_Assignment_. Skipping any pictures, give all of the records below again exactly.

(Data records)
____

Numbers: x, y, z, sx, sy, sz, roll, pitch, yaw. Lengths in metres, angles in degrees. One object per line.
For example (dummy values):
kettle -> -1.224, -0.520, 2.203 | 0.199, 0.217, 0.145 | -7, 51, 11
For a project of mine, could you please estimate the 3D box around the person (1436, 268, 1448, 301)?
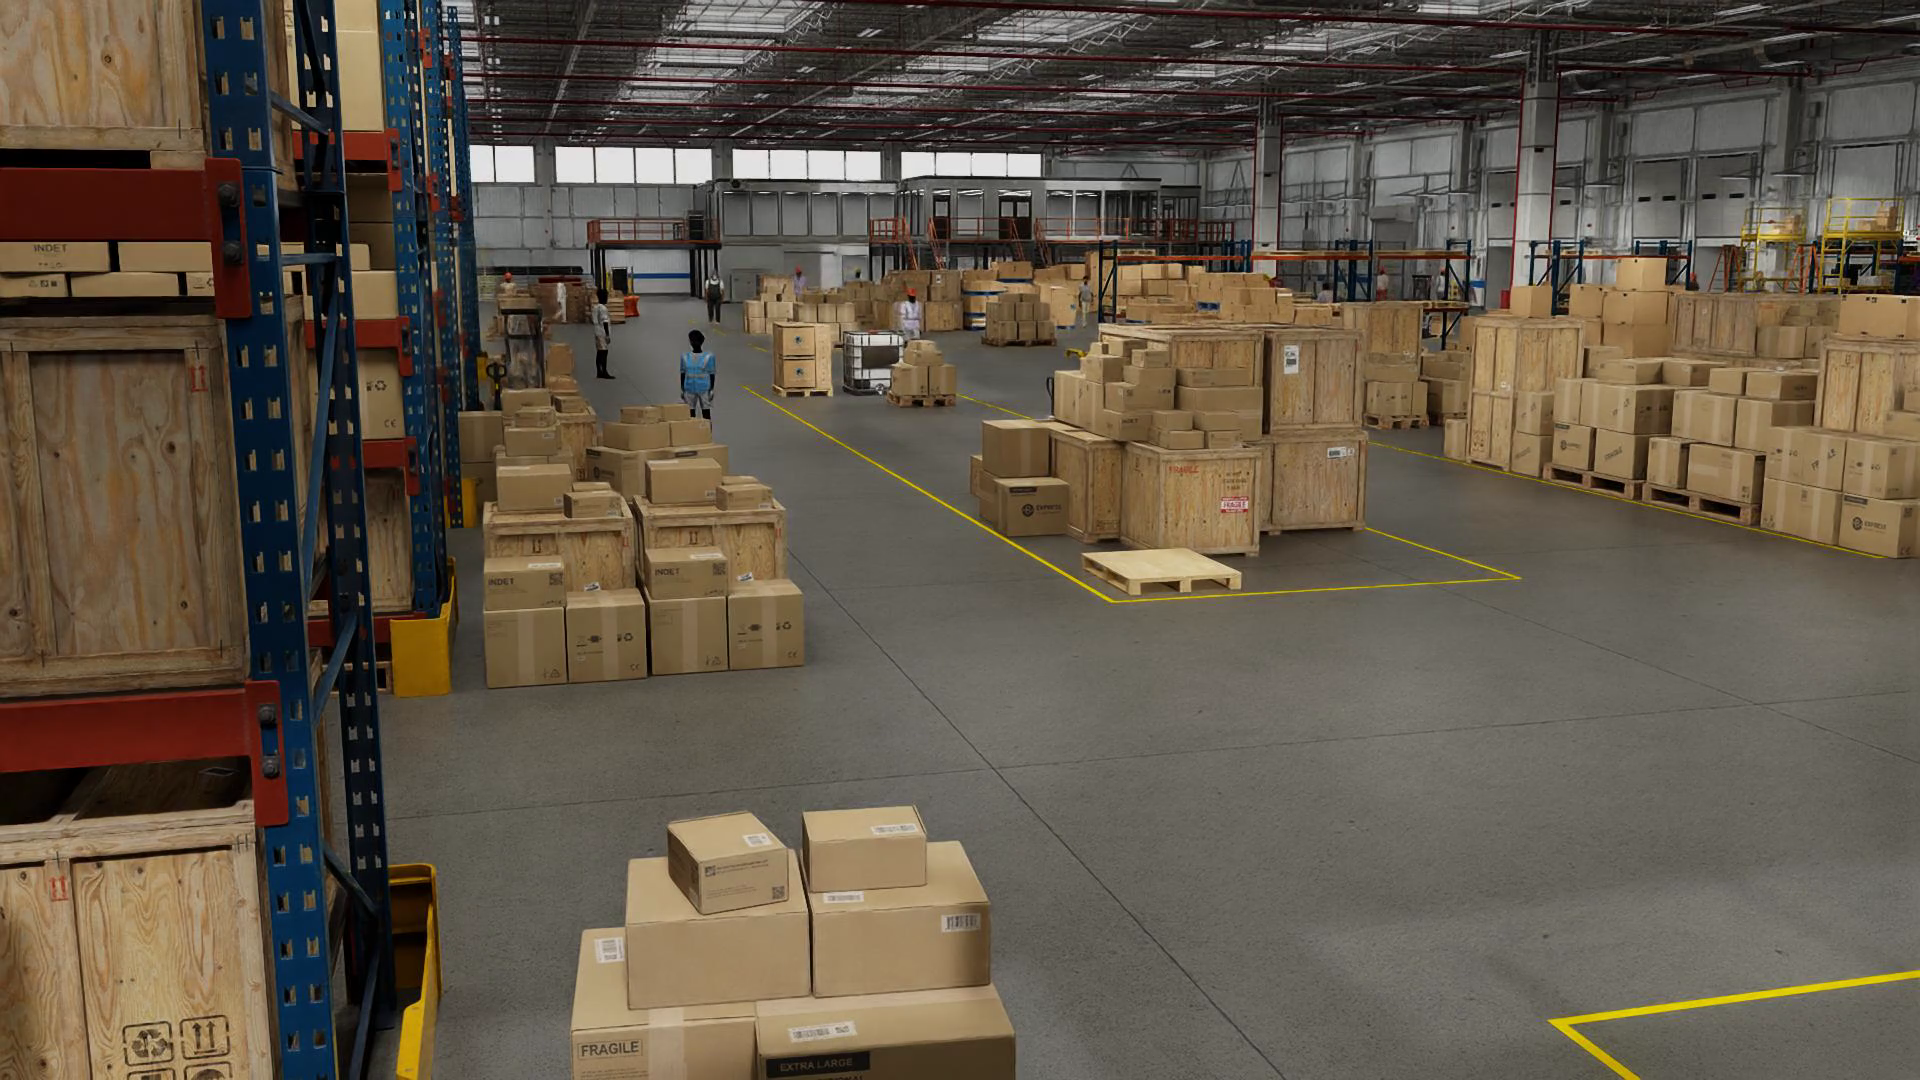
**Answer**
person -> 21.185, -10.995, 73.137 | 0.553, 1.920, 0.405 | 0, 10, 0

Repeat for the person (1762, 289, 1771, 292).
person -> 18.805, -4.932, 38.935 | 0.630, 1.877, 0.950 | 0, 10, 0

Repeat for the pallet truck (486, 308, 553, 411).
pallet truck -> -6.242, -2.418, 24.362 | 0.823, 1.965, 1.885 | 1, 10, 3

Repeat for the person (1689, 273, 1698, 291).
person -> 23.984, -7.763, 54.634 | 0.396, 1.992, 0.619 | 1, 10, 7

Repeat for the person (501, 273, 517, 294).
person -> -16.032, -8.513, 59.127 | 0.613, 1.918, 0.507 | 0, 10, -1

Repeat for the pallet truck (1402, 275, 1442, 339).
pallet truck -> 14.620, -7.324, 52.145 | 0.823, 1.965, 1.885 | 8, 13, 40

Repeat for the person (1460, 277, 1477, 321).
person -> 19.038, -8.981, 62.322 | 0.525, 1.724, 0.891 | -5, 11, -24

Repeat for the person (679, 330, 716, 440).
person -> -3.701, -2.109, 23.466 | 0.535, 1.697, 0.318 | 1, 10, 8

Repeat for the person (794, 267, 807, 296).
person -> -6.526, -9.988, 67.159 | 0.635, 2.018, 0.638 | 5, 11, 25

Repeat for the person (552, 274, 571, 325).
person -> -14.557, -8.765, 60.679 | 0.543, 1.872, 0.580 | -1, 10, -4

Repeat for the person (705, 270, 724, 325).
person -> -8.929, -8.817, 60.477 | 0.697, 2.000, 0.730 | -1, 10, -5

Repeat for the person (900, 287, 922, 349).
person -> -1.210, -5.170, 40.256 | 0.560, 1.902, 0.898 | -3, 11, -19

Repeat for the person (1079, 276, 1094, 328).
person -> 4.473, -8.460, 59.110 | 0.507, 1.828, 0.996 | -1, 10, -5

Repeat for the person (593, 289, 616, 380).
person -> -7.695, -4.430, 35.845 | 0.367, 1.967, 0.607 | -7, 12, -34

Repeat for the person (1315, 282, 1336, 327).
person -> 10.855, -6.770, 49.586 | 0.626, 1.788, 0.995 | -6, 12, -30

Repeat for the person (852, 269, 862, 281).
person -> -4.495, -10.789, 72.027 | 0.704, 1.903, 0.597 | 7, 12, 33

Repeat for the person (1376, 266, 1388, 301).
person -> 18.851, -11.205, 74.173 | 0.760, 1.976, 0.623 | -9, 14, -42

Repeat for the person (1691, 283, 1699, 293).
person -> 20.591, -6.268, 46.570 | 0.611, 1.845, 0.908 | -5, 11, -24

____

_Reply to the task_.
Numbers: x, y, z, sx, sy, sz, roll, pitch, yaw. Lengths in metres, angles in degrees. One object per line.
For example (dummy values):
kettle -> -1.224, -0.520, 2.203 | 0.199, 0.217, 0.145 | -7, 51, 11
For a project of mine, could you please estimate the 3D box around the person (1436, 268, 1448, 301)?
**Answer**
person -> 21.185, -10.995, 73.137 | 0.553, 1.920, 0.405 | 0, 10, 0

Repeat for the person (1762, 289, 1771, 292).
person -> 18.805, -4.932, 38.935 | 0.630, 1.877, 0.950 | 0, 10, 0

Repeat for the pallet truck (486, 308, 553, 411).
pallet truck -> -6.242, -2.418, 24.362 | 0.823, 1.965, 1.885 | 1, 10, 3

Repeat for the person (1689, 273, 1698, 291).
person -> 23.984, -7.763, 54.634 | 0.396, 1.992, 0.619 | 1, 10, 7

Repeat for the person (501, 273, 517, 294).
person -> -16.032, -8.513, 59.127 | 0.613, 1.918, 0.507 | 0, 10, -1

Repeat for the pallet truck (1402, 275, 1442, 339).
pallet truck -> 14.620, -7.324, 52.145 | 0.823, 1.965, 1.885 | 8, 13, 40

Repeat for the person (1460, 277, 1477, 321).
person -> 19.038, -8.981, 62.322 | 0.525, 1.724, 0.891 | -5, 11, -24

Repeat for the person (679, 330, 716, 440).
person -> -3.701, -2.109, 23.466 | 0.535, 1.697, 0.318 | 1, 10, 8

Repeat for the person (794, 267, 807, 296).
person -> -6.526, -9.988, 67.159 | 0.635, 2.018, 0.638 | 5, 11, 25

Repeat for the person (552, 274, 571, 325).
person -> -14.557, -8.765, 60.679 | 0.543, 1.872, 0.580 | -1, 10, -4

Repeat for the person (705, 270, 724, 325).
person -> -8.929, -8.817, 60.477 | 0.697, 2.000, 0.730 | -1, 10, -5

Repeat for the person (900, 287, 922, 349).
person -> -1.210, -5.170, 40.256 | 0.560, 1.902, 0.898 | -3, 11, -19

Repeat for the person (1079, 276, 1094, 328).
person -> 4.473, -8.460, 59.110 | 0.507, 1.828, 0.996 | -1, 10, -5

Repeat for the person (593, 289, 616, 380).
person -> -7.695, -4.430, 35.845 | 0.367, 1.967, 0.607 | -7, 12, -34

Repeat for the person (1315, 282, 1336, 327).
person -> 10.855, -6.770, 49.586 | 0.626, 1.788, 0.995 | -6, 12, -30

Repeat for the person (852, 269, 862, 281).
person -> -4.495, -10.789, 72.027 | 0.704, 1.903, 0.597 | 7, 12, 33

Repeat for the person (1376, 266, 1388, 301).
person -> 18.851, -11.205, 74.173 | 0.760, 1.976, 0.623 | -9, 14, -42

Repeat for the person (1691, 283, 1699, 293).
person -> 20.591, -6.268, 46.570 | 0.611, 1.845, 0.908 | -5, 11, -24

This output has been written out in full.